┌─ Source material

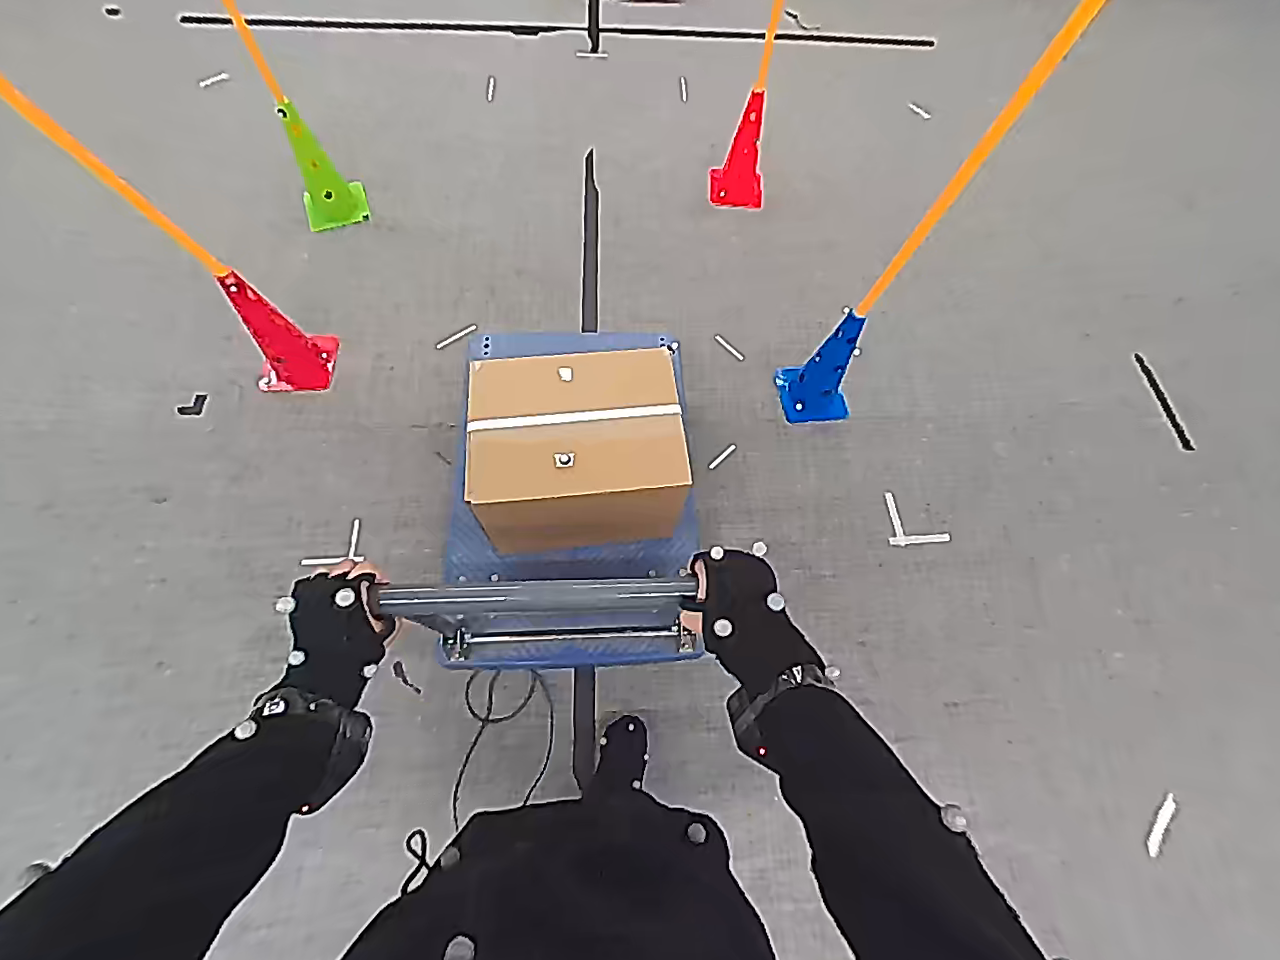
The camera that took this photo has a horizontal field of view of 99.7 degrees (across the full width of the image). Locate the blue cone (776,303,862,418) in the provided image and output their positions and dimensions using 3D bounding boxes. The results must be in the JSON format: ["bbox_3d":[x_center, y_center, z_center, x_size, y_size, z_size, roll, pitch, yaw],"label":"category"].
[{"bbox_3d":[0.538,-0.346,1.528,0.193,0.380,0.192,-5,65,-6],"label":"blue cone"}]

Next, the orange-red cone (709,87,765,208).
[{"bbox_3d":[0.372,-1.170,1.880,0.199,0.360,0.198,5,66,-2],"label":"orange-red cone"}]
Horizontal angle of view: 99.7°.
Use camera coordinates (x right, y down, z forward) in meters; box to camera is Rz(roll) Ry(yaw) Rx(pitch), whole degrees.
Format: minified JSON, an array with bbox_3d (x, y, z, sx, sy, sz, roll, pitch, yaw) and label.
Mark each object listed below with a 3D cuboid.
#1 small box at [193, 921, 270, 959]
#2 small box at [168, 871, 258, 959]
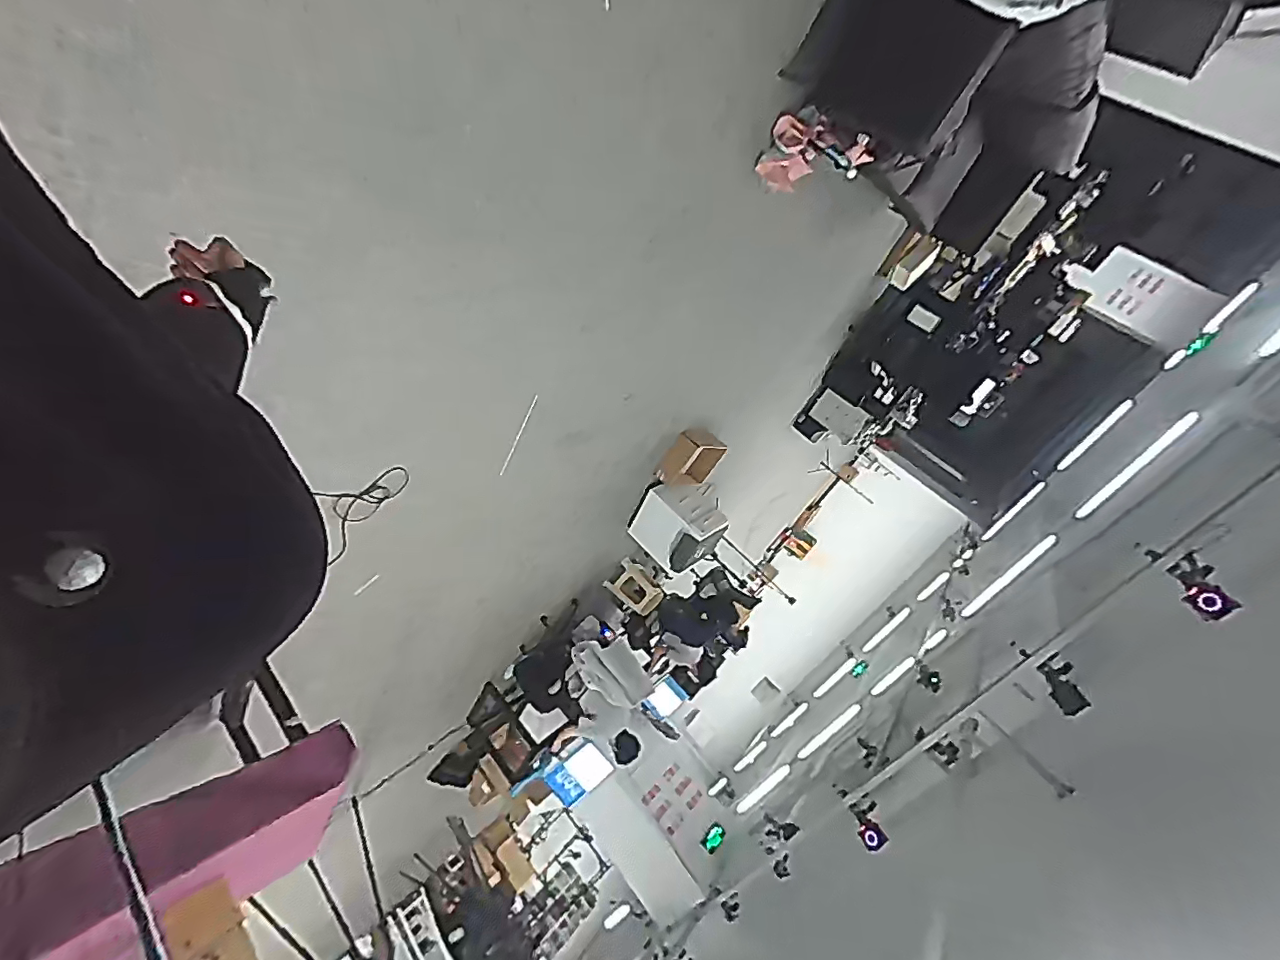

└─

**Problem description**
Give the records again without a single change, and exclude the pictures.

**Exercise result**
The camera that took this photo has a horizontal field of view of 99.7 degrees (across the full width of the image). Locate the blue cone (776,303,862,418) in the provided image and output their positions and dimensions using 3D bounding boxes. The results must be in the JSON format: ["bbox_3d":[x_center, y_center, z_center, x_size, y_size, z_size, roll, pitch, yaw],"label":"category"].
[{"bbox_3d":[0.538,-0.346,1.528,0.193,0.380,0.192,-5,65,-6],"label":"blue cone"}]

Next, the orange-red cone (709,87,765,208).
[{"bbox_3d":[0.372,-1.170,1.880,0.199,0.360,0.198,5,66,-2],"label":"orange-red cone"}]
Horizontal angle of view: 99.7°.
Use camera coordinates (x right, y down, z forward) in meters; box to camera is Rz(roll) Ry(yaw) Rx(pitch), whole degrees.
Format: minified JSON, an array with bbox_3d (x, y, z, sx, sy, sz, roll, pitch, yaw) and label.
Mark each object listed below with a 3D cuboid.
#1 small box at [193, 921, 270, 959]
#2 small box at [168, 871, 258, 959]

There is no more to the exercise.